▶ What you will do:
Give back exactly the lines of the material below that start at the line containing "23. pallet at [618, 111, 631, 169]" and end at the line containing "29. plastic crate at [1100, 99, 1157, 152]", and no others.

╭──

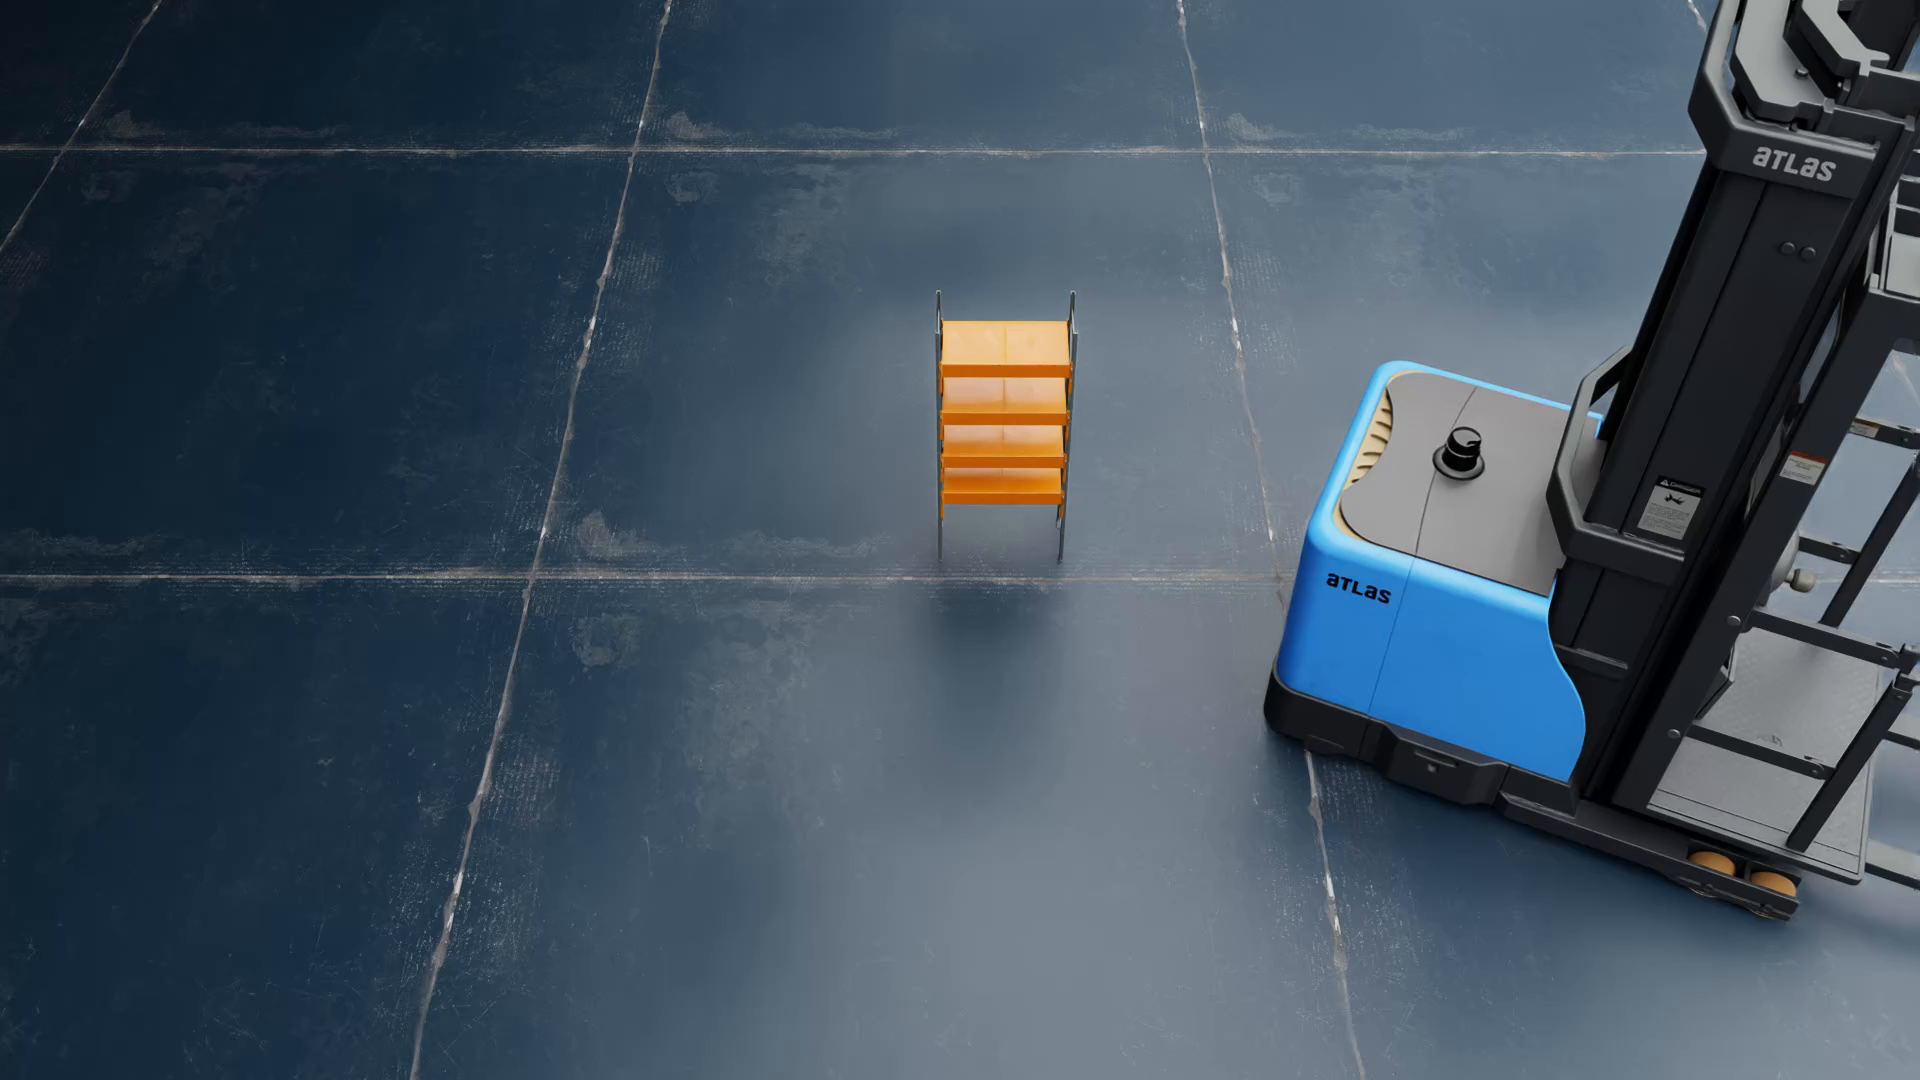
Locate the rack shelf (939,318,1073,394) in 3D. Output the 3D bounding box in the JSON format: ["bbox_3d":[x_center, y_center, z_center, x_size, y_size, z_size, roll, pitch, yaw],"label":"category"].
[{"bbox_3d":[0.166,-0.676,6.104,0.480,0.148,0.258,0,47,0],"label":"rack shelf"}]

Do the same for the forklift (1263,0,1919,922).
[{"bbox_3d":[2.683,-0.166,4.983,3.031,2.935,1.130,18,50,16],"label":"forklift"}]

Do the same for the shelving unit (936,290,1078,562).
[{"bbox_3d":[0.166,-0.408,6.391,0.503,1.200,0.258,0,47,0],"label":"shelving unit"}]

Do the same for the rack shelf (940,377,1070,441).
[{"bbox_3d":[0.166,-0.515,6.277,0.480,0.148,0.258,0,47,0],"label":"rack shelf"}]

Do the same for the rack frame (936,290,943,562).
[{"bbox_3d":[-0.078,-0.409,6.392,0.015,1.200,0.240,0,47,0],"label":"rack frame"}]

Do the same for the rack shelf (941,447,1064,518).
[{"bbox_3d":[0.166,-0.227,6.586,0.480,0.148,0.258,0,47,0],"label":"rack shelf"}]

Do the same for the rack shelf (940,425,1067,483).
[{"bbox_3d":[0.166,-0.362,6.440,0.480,0.148,0.258,0,47,0],"label":"rack shelf"}]

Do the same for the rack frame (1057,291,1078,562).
[{"bbox_3d":[0.410,-0.408,6.391,0.015,1.200,0.240,0,47,0],"label":"rack frame"}]
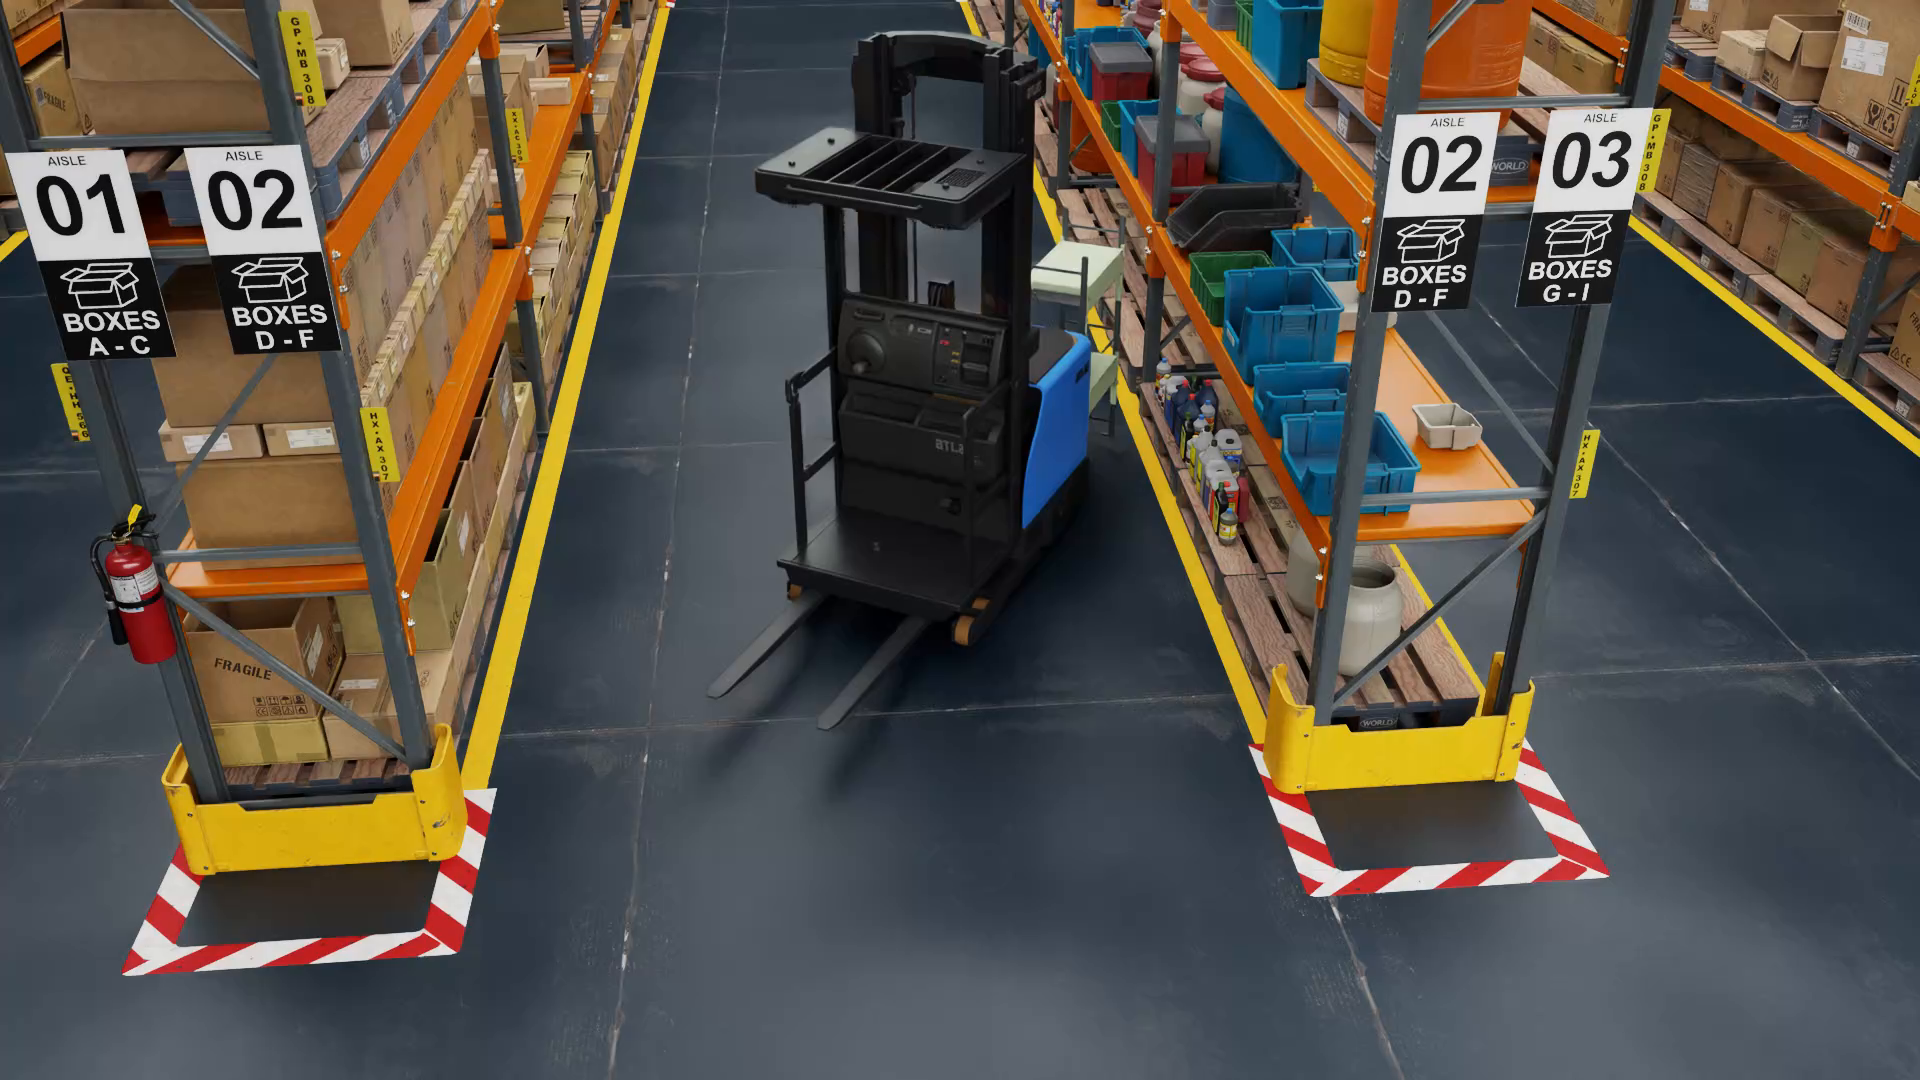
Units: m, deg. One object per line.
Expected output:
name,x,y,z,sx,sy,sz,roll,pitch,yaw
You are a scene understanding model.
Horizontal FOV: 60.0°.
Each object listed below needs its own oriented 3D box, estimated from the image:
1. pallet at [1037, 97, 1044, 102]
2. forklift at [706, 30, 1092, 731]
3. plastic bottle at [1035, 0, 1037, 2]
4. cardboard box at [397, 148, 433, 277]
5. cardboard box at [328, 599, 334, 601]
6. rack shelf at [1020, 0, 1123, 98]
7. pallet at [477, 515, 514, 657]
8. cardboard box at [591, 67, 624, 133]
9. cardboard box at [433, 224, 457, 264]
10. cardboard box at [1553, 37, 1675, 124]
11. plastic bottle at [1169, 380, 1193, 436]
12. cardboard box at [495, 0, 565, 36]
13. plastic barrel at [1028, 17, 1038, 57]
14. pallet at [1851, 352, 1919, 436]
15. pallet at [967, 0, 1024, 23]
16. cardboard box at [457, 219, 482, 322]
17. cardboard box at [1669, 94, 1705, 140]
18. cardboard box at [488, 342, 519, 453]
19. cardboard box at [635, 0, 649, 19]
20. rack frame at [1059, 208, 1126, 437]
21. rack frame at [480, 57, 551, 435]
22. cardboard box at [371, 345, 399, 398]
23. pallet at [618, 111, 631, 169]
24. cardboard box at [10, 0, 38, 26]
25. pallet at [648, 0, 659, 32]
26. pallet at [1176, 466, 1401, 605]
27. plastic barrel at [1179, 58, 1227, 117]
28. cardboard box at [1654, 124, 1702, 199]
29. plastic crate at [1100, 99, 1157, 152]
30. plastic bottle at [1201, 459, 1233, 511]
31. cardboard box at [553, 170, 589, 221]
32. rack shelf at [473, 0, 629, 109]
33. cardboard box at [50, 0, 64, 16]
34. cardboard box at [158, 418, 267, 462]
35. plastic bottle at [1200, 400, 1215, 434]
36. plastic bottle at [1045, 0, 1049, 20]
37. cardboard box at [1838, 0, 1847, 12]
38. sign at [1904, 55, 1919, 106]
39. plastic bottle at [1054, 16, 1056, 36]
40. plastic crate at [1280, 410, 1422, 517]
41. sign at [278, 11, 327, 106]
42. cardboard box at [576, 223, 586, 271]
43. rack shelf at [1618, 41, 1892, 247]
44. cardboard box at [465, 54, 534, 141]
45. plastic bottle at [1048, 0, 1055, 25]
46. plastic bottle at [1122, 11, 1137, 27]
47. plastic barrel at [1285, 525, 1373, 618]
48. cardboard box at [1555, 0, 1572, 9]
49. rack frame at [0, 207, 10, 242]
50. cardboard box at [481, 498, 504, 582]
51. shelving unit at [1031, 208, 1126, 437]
pallet,1.013,-4.712,17.434,1.003,0.211,1.213,-3,31,-5
forklift,-0.296,-0.948,8.478,1.130,2.935,3.031,13,33,21
plastic bottle,0.783,-5.258,15.675,0.144,0.351,0.185,-3,31,-5
cardboard box,-3.014,-1.591,8.125,0.700,0.500,0.500,-3,31,-5
cardboard box,-3.280,0.287,8.616,0.500,0.250,0.500,-3,31,-5
rack shelf,1.169,-4.976,15.856,1.077,0.370,4.000,-3,31,-5
pallet,-3.053,0.244,9.136,1.003,0.211,1.213,-3,31,-5
cardboard box,-3.485,-4.179,15.830,0.500,0.500,0.500,-4,31,-6
cardboard box,-2.847,-1.530,8.657,0.380,0.149,0.250,-2,31,-3
cardboard box,6.243,-4.122,15.388,1.225,0.875,0.875,-4,31,-7
plastic bottle,1.392,-0.841,10.387,0.144,0.351,0.185,-2,31,-3
cardboard box,-3.747,-4.567,13.964,0.700,0.500,0.500,-13,33,-21
plastic barrel,1.016,-5.306,17.345,0.600,0.901,0.708,-3,31,-5
pallet,6.759,-0.920,11.085,1.003,0.211,1.213,-3,31,-5
pallet,0.647,-6.728,20.808,1.003,0.211,1.213,-3,31,-5
cardboard box,-3.099,-1.533,9.295,0.700,0.500,0.500,-3,31,-5
cardboard box,6.380,-3.598,14.125,0.500,0.250,0.500,-2,31,-3
cardboard box,-2.907,-0.825,9.747,0.500,0.500,0.500,-3,31,-5
cardboard box,-3.969,-6.368,19.739,0.500,0.250,0.500,-3,31,-5
rack frame,0.823,-1.363,10.569,0.400,1.500,0.023,12,33,19
rack frame,-3.203,-1.986,10.149,1.000,3.000,0.127,-3,31,-5
cardboard box,-2.700,-0.738,7.330,0.380,0.149,0.250,-3,31,-4
pallet,-3.719,-3.835,15.965,1.003,0.211,1.213,-3,31,-5
cardboard box,-8.384,-4.749,14.369,0.500,0.500,0.500,-3,31,-5
pallet,-4.241,-6.469,20.375,1.003,0.211,1.213,-3,31,-5
pallet,1.868,-0.055,9.636,1.003,0.211,1.213,-3,31,-5
plastic barrel,1.790,-3.153,11.971,0.433,0.535,0.433,0,31,0
cardboard box,6.370,-3.275,14.317,0.700,0.500,0.500,-4,31,-7
plastic crate,1.286,-3.006,12.064,0.450,0.188,0.662,-3,31,-5
plastic bottle,1.486,-0.316,9.581,0.152,0.276,0.135,-4,31,-6
cardboard box,-3.227,-2.748,13.150,0.500,0.311,0.500,-3,31,-5
rack shelf,-3.763,-4.740,15.462,1.077,0.370,4.000,-3,31,-5
cardboard box,-8.493,-4.922,15.290,0.380,0.149,0.250,-4,31,-6
cardboard box,-3.054,-0.451,6.850,0.380,0.149,0.250,-3,31,-5
plastic bottle,1.526,-0.738,10.293,0.097,0.271,0.097,0,31,0
plastic bottle,0.824,-4.840,15.122,0.097,0.201,0.097,0,31,0
cardboard box,10.435,-6.232,19.339,0.380,0.149,0.250,-4,31,-6
sign,6.109,-2.927,10.596,0.100,0.325,0.005,-3,31,-5
plastic bottle,0.879,-4.542,14.622,0.097,0.201,0.097,0,31,0
plastic crate,1.759,-0.356,7.566,0.499,0.251,0.616,-3,31,-5
sign,-2.276,-1.664,5.756,0.100,0.325,0.005,-3,31,-5
cardboard box,-3.189,-2.251,12.865,0.500,0.250,0.500,-2,31,-3
rack shelf,6.474,-3.171,12.835,1.077,0.370,4.000,-3,31,-5
cardboard box,-3.403,-3.215,12.110,0.500,0.500,0.500,-4,31,-7
plastic bottle,0.843,-4.771,14.937,0.097,0.271,0.097,0,31,0
plastic bottle,1.486,-4.439,14.378,0.152,0.276,0.135,-3,31,-5
plastic barrel,1.919,0.121,8.640,0.421,0.512,0.421,0,31,0
cardboard box,5.902,-5.303,15.606,0.500,0.500,0.500,-4,31,-6
rack frame,-8.508,-3.789,13.168,1.000,3.000,0.127,-3,31,-5
cardboard box,-2.796,0.006,9.086,0.500,0.250,0.500,-3,31,-5
shelving unit,0.686,-1.189,10.278,0.431,1.500,0.755,12,33,19

╰──

▶ Response to this task:
23. pallet at [618, 111, 631, 169]
24. cardboard box at [10, 0, 38, 26]
25. pallet at [648, 0, 659, 32]
26. pallet at [1176, 466, 1401, 605]
27. plastic barrel at [1179, 58, 1227, 117]
28. cardboard box at [1654, 124, 1702, 199]
29. plastic crate at [1100, 99, 1157, 152]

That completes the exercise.